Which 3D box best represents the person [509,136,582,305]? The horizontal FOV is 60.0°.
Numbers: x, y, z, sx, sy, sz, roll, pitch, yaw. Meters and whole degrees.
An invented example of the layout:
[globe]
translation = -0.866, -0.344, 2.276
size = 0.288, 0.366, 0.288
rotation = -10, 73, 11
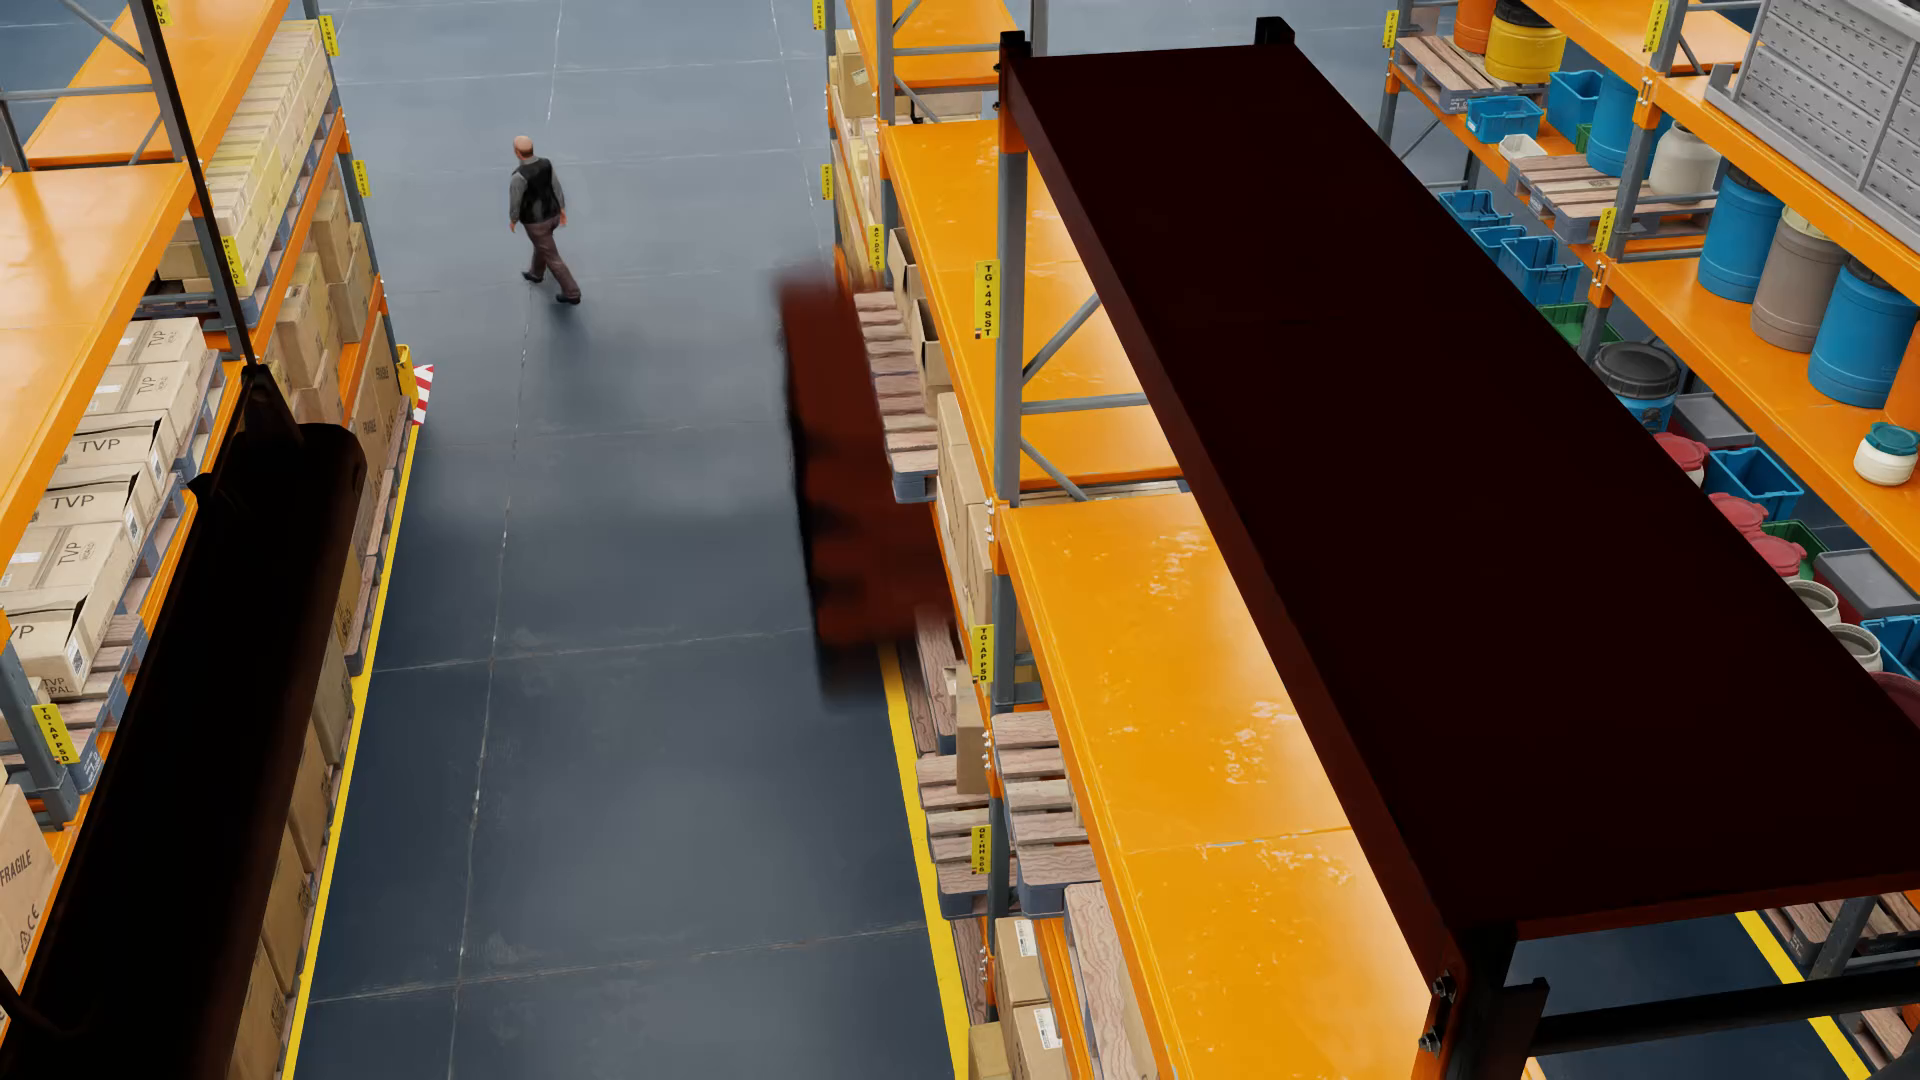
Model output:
[person]
translation = -4.169, -3.171, 16.309
size = 0.940, 1.674, 0.566
rotation = 15, 39, 19

*TASK DIRECTIONS:* Hand over the entries again, exactly as written and without the pictures.

*TASK RESULT:*
Which 3D box best represents the person [509,136,582,305]? The horizontal FOV is 60.0°.
Numbers: x, y, z, sx, sy, sz, roll, pitch, yaw. Meters and whole degrees.
An invented example of the layout:
[globe]
translation = -0.866, -0.344, 2.276
size = 0.288, 0.366, 0.288
rotation = -10, 73, 11
Model output:
[person]
translation = -4.169, -3.171, 16.309
size = 0.940, 1.674, 0.566
rotation = 15, 39, 19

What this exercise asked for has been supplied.